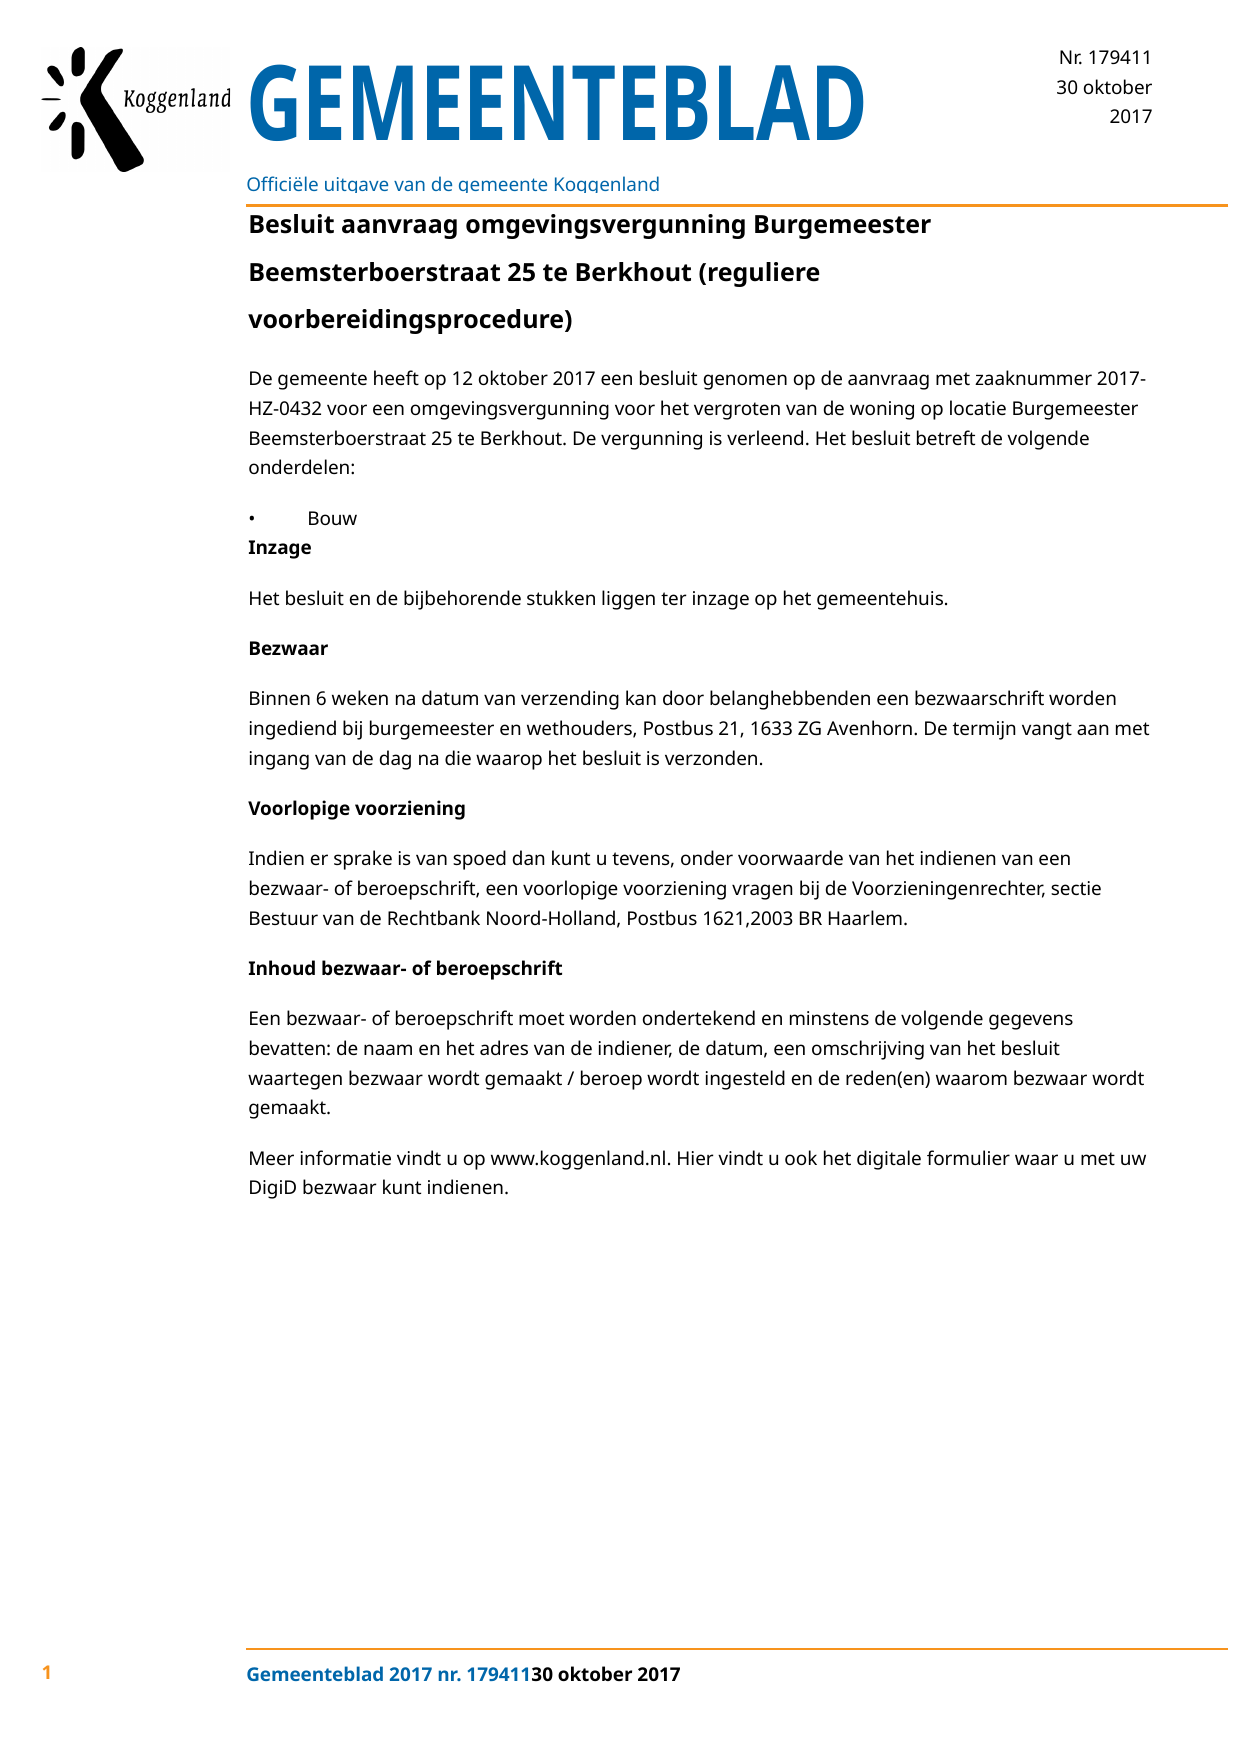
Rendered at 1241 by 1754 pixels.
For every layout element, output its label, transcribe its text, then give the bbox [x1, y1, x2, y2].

text Inzage [248, 534, 1152, 560]
text Bezwaar [248, 635, 1152, 661]
text Het besluit en de bijbehorende stukken liggen ter inzage op het gemeentehuis. [248, 585, 1152, 610]
text Besluit aanvraag omgevingsvergunning Burgemeester Beemsterboerstraat 25 te Berkhout (reguliere voorbereidingsprocedure) [248, 207, 1152, 336]
text Binnen 6 weken na datum van verzending kan door belanghebbenden een bezwaarschrift worden ingediend bij burgemeester en wethouders, Postbus 21, 1633 ZG Avenhorn. De termijn vangt aan met ingang van de dag na die waarop het besluit is verzonden. [248, 686, 1152, 770]
text Inhoud bezwaar- of beroepschrift [248, 955, 1152, 981]
picture [41, 47, 231, 172]
text Indien er sprake is van spoed dan kunt u tevens, onder voorwaarde van het indienen van een bezwaar- of beroepschrift, een voorlopige voorziening vragen bij de Voorzieningenrechter, sectie Bestuur van de Rechtbank Noord-Holland, Postbus 1621,2003 BR Haarlem. [248, 846, 1152, 930]
text Een bezwaar- of beroepschrift moet worden ondertekend en minstens de volgende gegevens bevatten: de naam en het adres van de indiener, de datum, een omschrijving van het besluit waartegen bezwaar wordt gemaakt / beroep wordt ingesteld en de reden(en) waarom bezwaar wordt gemaakt. [248, 1006, 1152, 1120]
text Meer informatie vindt u op www.koggenland.nl. Hier vindt u ook het digitale formulier waar u met uw DigiD bezwaar kunt indienen. [248, 1145, 1152, 1200]
list Bouw [248, 505, 1152, 530]
text Voorlopige voorziening [248, 795, 1152, 821]
text De gemeente heeft op 12 oktober 2017 een besluit genomen op de aanvraag met zaaknummer 2017-HZ-0432 voor een omgevingsvergunning voor het vergroten van de woning op locatie Burgemeester Beemsterboerstraat 25 te Berkhout. De vergunning is verleend. Het besluit betreft de volgende onderdelen: [248, 366, 1152, 480]

- Task: Please write out exactly, and only, the lines from the beginning of the entries through the line containing "text Het besluit", including both and skipping all pictures.

- Response area:
Rendered at 1241 by 1754 pixels.
For every layout element, output its label, transcribe its text, then give the bbox [x1, y1, x2, y2].

text Inzage [248, 534, 1152, 560]
text Bezwaar [248, 635, 1152, 661]
text Het besluit en de bijbehorende stukken liggen ter inzage op het gemeentehuis. [248, 585, 1152, 610]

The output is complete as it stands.